--- Task instructions ---
Restate word for word, and only, the lines that extend from the line containing "4) person [1409, 117, 1488, 332]" through the end of the records below.

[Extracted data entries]

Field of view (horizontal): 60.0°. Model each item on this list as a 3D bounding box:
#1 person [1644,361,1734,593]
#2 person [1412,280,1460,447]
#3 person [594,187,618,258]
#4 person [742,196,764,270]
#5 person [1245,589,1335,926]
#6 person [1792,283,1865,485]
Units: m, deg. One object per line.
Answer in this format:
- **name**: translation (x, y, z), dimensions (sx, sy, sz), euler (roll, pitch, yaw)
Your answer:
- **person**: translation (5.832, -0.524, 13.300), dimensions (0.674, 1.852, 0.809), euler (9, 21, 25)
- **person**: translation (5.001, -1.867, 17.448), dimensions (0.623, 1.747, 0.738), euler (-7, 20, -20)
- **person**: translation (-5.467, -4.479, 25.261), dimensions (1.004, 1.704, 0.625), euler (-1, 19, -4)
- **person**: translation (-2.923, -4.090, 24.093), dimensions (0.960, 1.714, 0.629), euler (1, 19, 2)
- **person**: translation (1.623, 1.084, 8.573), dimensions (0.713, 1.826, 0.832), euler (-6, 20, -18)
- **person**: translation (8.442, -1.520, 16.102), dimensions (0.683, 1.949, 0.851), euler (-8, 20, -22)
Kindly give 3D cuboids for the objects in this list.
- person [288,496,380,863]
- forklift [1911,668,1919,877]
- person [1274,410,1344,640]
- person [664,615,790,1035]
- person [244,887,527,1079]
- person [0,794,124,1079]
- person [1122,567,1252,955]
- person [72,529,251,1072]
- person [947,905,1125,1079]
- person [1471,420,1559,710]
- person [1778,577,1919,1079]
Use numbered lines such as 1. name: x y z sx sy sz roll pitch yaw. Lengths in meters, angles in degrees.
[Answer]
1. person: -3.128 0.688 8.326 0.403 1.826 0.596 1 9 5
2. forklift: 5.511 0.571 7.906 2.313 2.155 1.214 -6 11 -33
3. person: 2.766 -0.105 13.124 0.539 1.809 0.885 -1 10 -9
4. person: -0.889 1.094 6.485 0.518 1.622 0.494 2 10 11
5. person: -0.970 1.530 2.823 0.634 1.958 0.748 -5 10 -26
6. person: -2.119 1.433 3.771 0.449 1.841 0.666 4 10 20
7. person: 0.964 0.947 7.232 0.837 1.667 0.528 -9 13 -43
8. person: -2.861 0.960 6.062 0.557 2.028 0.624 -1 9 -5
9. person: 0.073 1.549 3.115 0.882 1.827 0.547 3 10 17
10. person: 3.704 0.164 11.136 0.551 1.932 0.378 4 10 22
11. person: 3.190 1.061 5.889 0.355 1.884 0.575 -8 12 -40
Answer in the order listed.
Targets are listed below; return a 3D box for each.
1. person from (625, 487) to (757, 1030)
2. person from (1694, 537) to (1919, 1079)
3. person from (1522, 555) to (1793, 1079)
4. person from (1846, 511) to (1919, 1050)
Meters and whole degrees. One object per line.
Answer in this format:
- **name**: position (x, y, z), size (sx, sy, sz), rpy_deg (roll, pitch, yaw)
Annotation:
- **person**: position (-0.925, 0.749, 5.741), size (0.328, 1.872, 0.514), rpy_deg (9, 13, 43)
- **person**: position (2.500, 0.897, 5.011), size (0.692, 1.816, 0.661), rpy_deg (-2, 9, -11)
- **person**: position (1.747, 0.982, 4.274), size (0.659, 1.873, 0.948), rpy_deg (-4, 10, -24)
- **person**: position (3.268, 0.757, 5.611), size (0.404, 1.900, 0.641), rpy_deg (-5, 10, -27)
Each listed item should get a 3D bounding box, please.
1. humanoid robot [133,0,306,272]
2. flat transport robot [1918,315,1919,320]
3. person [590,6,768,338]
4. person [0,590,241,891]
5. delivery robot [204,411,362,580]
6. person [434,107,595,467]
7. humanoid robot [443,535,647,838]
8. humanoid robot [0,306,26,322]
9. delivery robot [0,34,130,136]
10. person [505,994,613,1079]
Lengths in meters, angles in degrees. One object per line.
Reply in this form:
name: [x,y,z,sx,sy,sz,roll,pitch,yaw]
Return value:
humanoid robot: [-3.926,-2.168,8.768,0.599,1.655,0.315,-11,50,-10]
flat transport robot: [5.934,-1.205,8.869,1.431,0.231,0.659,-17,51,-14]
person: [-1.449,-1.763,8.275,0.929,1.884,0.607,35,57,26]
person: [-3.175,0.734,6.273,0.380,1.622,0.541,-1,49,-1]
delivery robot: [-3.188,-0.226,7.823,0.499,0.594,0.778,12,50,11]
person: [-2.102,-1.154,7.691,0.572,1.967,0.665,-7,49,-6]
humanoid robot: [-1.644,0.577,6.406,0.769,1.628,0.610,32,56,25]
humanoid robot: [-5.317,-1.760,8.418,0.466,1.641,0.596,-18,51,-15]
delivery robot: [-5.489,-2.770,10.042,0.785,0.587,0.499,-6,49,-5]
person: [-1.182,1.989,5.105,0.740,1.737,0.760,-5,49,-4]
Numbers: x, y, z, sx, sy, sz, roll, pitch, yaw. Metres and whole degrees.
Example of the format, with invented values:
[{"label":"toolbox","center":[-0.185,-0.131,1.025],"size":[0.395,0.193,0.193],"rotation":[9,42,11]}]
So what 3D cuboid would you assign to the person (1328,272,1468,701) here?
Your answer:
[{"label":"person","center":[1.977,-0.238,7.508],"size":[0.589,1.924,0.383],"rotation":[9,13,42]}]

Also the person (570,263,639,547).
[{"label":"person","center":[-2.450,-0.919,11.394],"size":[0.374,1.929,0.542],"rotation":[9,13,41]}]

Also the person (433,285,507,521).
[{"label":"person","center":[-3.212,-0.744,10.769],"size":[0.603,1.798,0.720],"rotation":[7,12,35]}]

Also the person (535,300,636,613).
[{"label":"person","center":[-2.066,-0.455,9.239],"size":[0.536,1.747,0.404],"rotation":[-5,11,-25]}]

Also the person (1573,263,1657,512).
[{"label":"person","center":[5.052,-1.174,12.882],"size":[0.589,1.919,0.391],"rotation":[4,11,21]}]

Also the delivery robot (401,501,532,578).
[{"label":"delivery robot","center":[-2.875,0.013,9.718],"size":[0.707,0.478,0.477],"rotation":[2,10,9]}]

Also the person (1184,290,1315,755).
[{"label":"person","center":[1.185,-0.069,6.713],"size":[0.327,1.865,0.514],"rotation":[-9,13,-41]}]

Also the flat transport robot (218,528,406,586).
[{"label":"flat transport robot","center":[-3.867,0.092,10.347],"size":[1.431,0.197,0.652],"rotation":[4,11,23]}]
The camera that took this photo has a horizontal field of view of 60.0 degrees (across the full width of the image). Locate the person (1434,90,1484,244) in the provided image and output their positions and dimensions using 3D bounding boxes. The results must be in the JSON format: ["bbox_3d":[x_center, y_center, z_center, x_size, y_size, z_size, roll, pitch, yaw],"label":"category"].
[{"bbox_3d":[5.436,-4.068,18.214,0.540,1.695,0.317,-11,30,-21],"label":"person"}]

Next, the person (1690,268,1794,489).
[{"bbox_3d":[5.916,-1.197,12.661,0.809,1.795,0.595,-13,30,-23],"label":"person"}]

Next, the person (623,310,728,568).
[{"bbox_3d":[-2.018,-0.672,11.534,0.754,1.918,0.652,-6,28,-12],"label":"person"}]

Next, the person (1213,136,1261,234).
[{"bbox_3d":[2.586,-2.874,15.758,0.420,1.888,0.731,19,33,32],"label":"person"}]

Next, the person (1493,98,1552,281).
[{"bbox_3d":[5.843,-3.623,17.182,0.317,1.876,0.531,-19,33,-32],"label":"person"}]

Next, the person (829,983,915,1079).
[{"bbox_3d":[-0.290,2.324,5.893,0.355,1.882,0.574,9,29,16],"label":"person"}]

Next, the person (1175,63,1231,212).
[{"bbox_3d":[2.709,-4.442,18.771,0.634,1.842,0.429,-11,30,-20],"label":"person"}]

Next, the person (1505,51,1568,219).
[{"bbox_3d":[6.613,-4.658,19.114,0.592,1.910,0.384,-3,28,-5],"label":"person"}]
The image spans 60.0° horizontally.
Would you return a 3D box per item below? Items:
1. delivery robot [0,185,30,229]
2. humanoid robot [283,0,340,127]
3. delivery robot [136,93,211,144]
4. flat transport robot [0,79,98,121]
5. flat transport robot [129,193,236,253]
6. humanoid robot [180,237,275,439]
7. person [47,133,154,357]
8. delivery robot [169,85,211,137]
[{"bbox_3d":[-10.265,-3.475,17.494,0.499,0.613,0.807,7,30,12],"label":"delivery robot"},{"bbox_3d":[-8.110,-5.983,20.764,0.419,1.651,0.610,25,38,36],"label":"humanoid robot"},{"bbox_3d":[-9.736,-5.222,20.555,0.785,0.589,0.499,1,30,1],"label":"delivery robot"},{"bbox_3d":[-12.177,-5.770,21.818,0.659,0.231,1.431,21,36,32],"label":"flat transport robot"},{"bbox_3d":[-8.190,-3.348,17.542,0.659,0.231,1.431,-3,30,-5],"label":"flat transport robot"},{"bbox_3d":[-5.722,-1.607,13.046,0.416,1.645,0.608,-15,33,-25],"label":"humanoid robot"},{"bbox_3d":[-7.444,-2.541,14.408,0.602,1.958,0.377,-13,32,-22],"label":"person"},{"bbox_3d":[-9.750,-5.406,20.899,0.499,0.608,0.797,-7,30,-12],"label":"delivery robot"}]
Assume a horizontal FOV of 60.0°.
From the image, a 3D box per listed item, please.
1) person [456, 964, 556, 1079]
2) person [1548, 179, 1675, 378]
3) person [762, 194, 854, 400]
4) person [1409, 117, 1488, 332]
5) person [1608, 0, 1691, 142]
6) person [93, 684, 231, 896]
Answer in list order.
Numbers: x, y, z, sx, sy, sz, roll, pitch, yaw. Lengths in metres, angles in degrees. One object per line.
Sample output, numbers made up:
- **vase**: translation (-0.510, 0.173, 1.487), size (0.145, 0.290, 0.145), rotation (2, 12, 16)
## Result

--- Final answer ---
4) person [1409, 117, 1488, 332]
5) person [1608, 0, 1691, 142]
6) person [93, 684, 231, 896]
Answer in list order.
Numbers: x, y, z, sx, sy, sz, roll, pitch, yaw. Lengths in metres, angles in degrees. One object per line.
Sample output, numbers made up:
- **vase**: translation (-0.510, 0.173, 1.487), size (0.145, 0.290, 0.145), rotation (2, 12, 16)
## Result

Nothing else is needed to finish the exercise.